* **Task brief**: Report each line from the entries in which "degrees" can be found.

* **Records supplied**:
--- START ---

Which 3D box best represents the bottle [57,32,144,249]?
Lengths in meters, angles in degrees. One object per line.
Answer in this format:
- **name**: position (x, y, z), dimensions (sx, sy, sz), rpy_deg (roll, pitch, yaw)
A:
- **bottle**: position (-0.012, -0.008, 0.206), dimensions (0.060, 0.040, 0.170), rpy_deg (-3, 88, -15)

--- END ---
--- START ---

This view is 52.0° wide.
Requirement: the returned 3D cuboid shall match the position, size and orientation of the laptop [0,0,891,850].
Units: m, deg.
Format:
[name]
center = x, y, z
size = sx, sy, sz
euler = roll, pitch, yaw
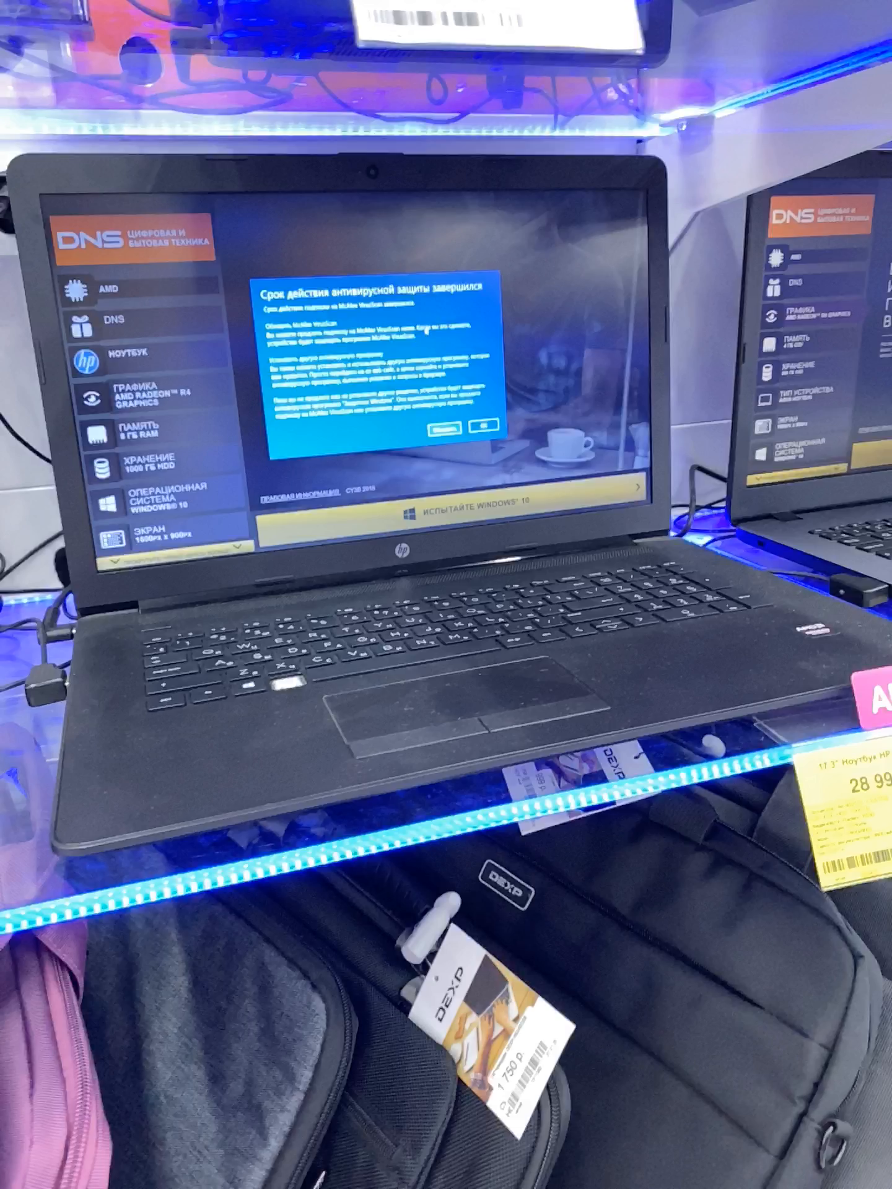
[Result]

--- END ---
--- START ---

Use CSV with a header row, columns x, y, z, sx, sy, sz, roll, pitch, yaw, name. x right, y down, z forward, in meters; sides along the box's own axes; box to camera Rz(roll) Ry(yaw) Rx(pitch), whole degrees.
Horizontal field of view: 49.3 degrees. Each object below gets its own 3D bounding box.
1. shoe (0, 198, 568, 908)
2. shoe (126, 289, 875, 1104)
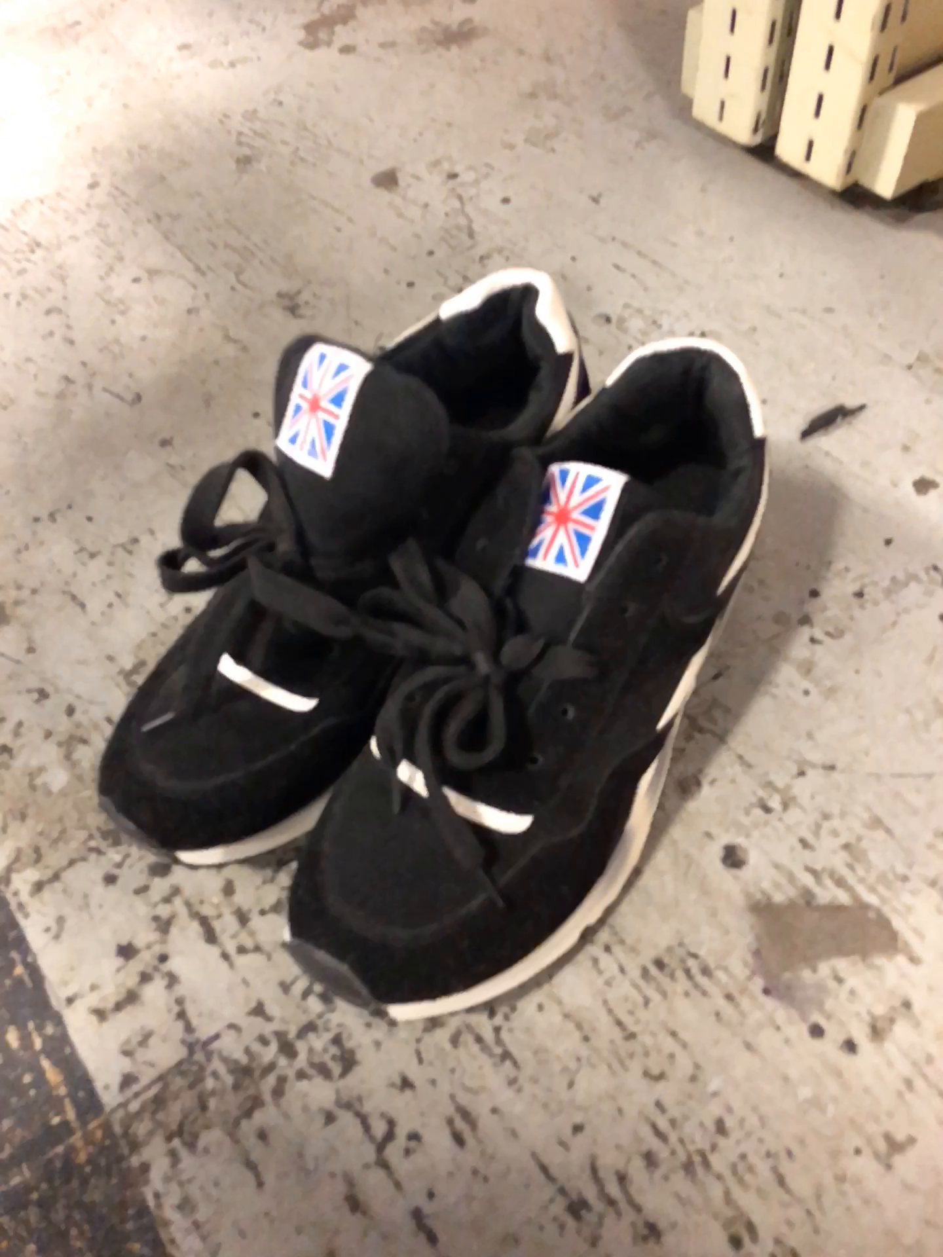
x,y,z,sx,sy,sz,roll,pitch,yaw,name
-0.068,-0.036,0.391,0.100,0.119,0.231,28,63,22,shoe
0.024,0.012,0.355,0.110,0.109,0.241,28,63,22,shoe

--- END ---

* **Answer section**:
Lengths in meters, angles in degrees. One object per line.
Use CSV with a header row, columns x, y, z, sx, sy, sz, roll, pitch, yaw, name. x right, y down, z forward, in meters; sides along the box's own axes; box to camera Rz(roll) Ry(yaw) Rx(pitch), whole degrees.
Horizontal field of view: 49.3 degrees. Each object below gets its own 3D bounding box.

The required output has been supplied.